What you need to do - Please retype the records below exactly, leaving out any pictures.

Provided records -
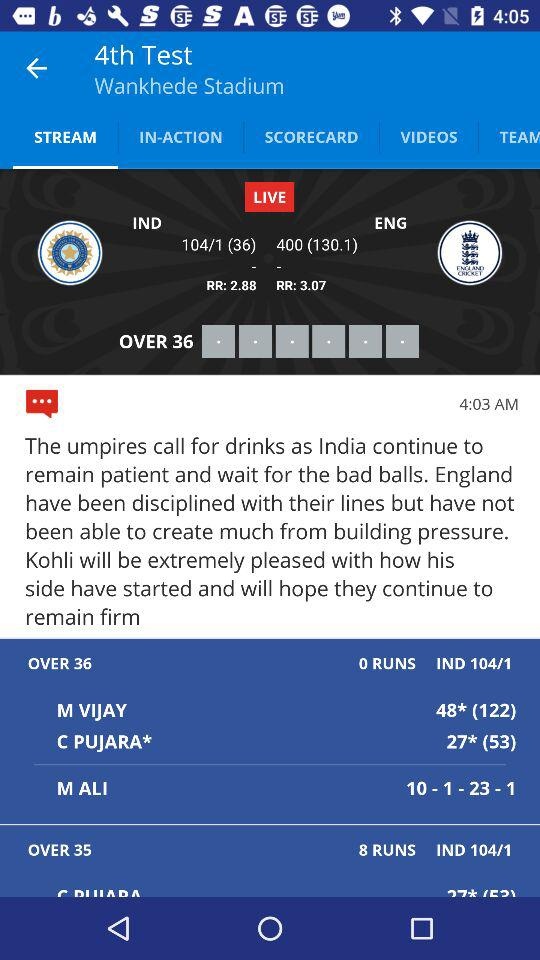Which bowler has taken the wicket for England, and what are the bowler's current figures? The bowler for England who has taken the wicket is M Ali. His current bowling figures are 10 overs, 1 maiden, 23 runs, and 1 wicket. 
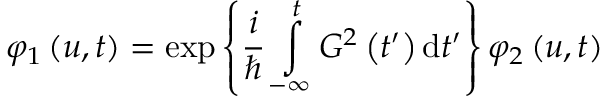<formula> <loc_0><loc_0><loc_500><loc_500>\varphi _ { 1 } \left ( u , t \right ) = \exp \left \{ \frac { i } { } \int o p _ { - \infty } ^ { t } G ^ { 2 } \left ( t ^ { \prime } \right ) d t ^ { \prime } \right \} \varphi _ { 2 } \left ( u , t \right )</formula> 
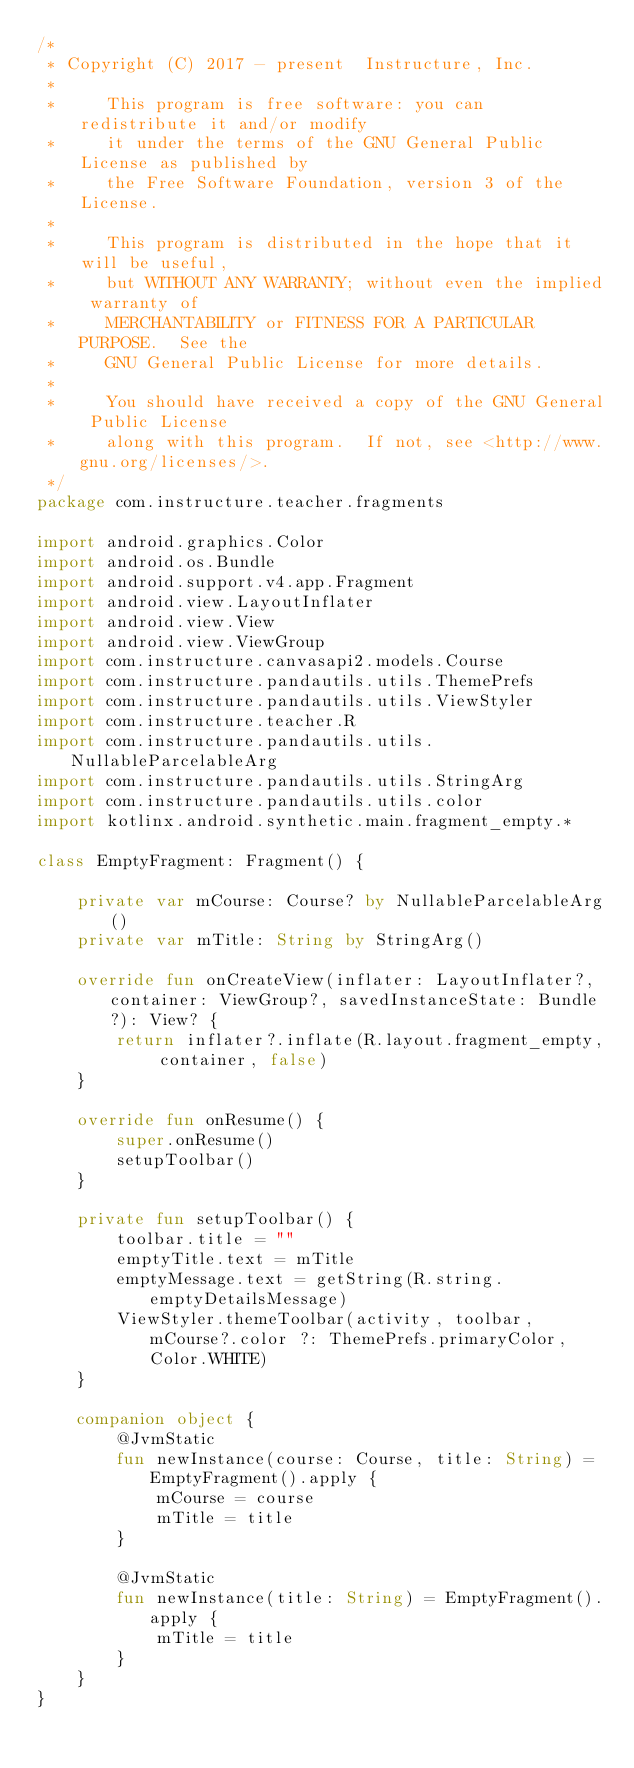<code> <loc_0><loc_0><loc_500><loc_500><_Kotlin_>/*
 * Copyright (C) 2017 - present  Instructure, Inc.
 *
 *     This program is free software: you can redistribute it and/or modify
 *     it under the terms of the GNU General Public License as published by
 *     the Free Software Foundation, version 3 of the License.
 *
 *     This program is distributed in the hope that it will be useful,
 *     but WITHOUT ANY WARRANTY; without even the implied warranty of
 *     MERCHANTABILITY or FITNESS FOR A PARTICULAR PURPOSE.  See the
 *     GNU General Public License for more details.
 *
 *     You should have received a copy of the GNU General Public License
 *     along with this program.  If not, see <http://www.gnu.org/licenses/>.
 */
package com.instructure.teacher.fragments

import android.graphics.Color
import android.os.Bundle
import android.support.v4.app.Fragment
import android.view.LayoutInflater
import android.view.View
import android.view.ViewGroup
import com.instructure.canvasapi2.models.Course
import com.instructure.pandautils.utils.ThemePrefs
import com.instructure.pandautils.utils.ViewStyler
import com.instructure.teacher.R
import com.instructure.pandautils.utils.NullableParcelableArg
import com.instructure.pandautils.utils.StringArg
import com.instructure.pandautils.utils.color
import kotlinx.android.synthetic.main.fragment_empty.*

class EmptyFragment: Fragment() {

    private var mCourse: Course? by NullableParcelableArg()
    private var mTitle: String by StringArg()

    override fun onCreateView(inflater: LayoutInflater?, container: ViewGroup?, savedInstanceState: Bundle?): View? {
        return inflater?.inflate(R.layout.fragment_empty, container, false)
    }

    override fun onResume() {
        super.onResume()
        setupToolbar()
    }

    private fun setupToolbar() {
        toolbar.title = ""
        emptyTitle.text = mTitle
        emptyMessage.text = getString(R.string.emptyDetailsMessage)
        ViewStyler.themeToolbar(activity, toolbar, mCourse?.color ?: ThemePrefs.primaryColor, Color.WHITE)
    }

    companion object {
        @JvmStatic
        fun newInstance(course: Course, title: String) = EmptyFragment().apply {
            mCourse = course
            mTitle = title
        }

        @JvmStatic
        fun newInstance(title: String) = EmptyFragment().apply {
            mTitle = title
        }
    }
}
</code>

Exercise response -
Which bowler has taken the wicket for England, and what are the bowler's current figures? The bowler for England who has taken the wicket is M Ali. His current bowling figures are 10 overs, 1 maiden, 23 runs, and 1 wicket. 
<formula> <loc_0><loc_0><loc_500><loc_500>\varphi _ { 1 } \left ( u , t \right ) = \exp \left \{ \frac { i } { } \int o p _ { - \infty } ^ { t } G ^ { 2 } \left ( t ^ { \prime } \right ) d t ^ { \prime } \right \} \varphi _ { 2 } \left ( u , t \right )</formula> 
<code> <loc_0><loc_0><loc_500><loc_500><_Kotlin_>/*
 * Copyright (C) 2017 - present  Instructure, Inc.
 *
 *     This program is free software: you can redistribute it and/or modify
 *     it under the terms of the GNU General Public License as published by
 *     the Free Software Foundation, version 3 of the License.
 *
 *     This program is distributed in the hope that it will be useful,
 *     but WITHOUT ANY WARRANTY; without even the implied warranty of
 *     MERCHANTABILITY or FITNESS FOR A PARTICULAR PURPOSE.  See the
 *     GNU General Public License for more details.
 *
 *     You should have received a copy of the GNU General Public License
 *     along with this program.  If not, see <http://www.gnu.org/licenses/>.
 */
package com.instructure.teacher.fragments

import android.graphics.Color
import android.os.Bundle
import android.support.v4.app.Fragment
import android.view.LayoutInflater
import android.view.View
import android.view.ViewGroup
import com.instructure.canvasapi2.models.Course
import com.instructure.pandautils.utils.ThemePrefs
import com.instructure.pandautils.utils.ViewStyler
import com.instructure.teacher.R
import com.instructure.pandautils.utils.NullableParcelableArg
import com.instructure.pandautils.utils.StringArg
import com.instructure.pandautils.utils.color
import kotlinx.android.synthetic.main.fragment_empty.*

class EmptyFragment: Fragment() {

    private var mCourse: Course? by NullableParcelableArg()
    private var mTitle: String by StringArg()

    override fun onCreateView(inflater: LayoutInflater?, container: ViewGroup?, savedInstanceState: Bundle?): View? {
        return inflater?.inflate(R.layout.fragment_empty, container, false)
    }

    override fun onResume() {
        super.onResume()
        setupToolbar()
    }

    private fun setupToolbar() {
        toolbar.title = ""
        emptyTitle.text = mTitle
        emptyMessage.text = getString(R.string.emptyDetailsMessage)
        ViewStyler.themeToolbar(activity, toolbar, mCourse?.color ?: ThemePrefs.primaryColor, Color.WHITE)
    }

    companion object {
        @JvmStatic
        fun newInstance(course: Course, title: String) = EmptyFragment().apply {
            mCourse = course
            mTitle = title
        }

        @JvmStatic
        fun newInstance(title: String) = EmptyFragment().apply {
            mTitle = title
        }
    }
}
</code>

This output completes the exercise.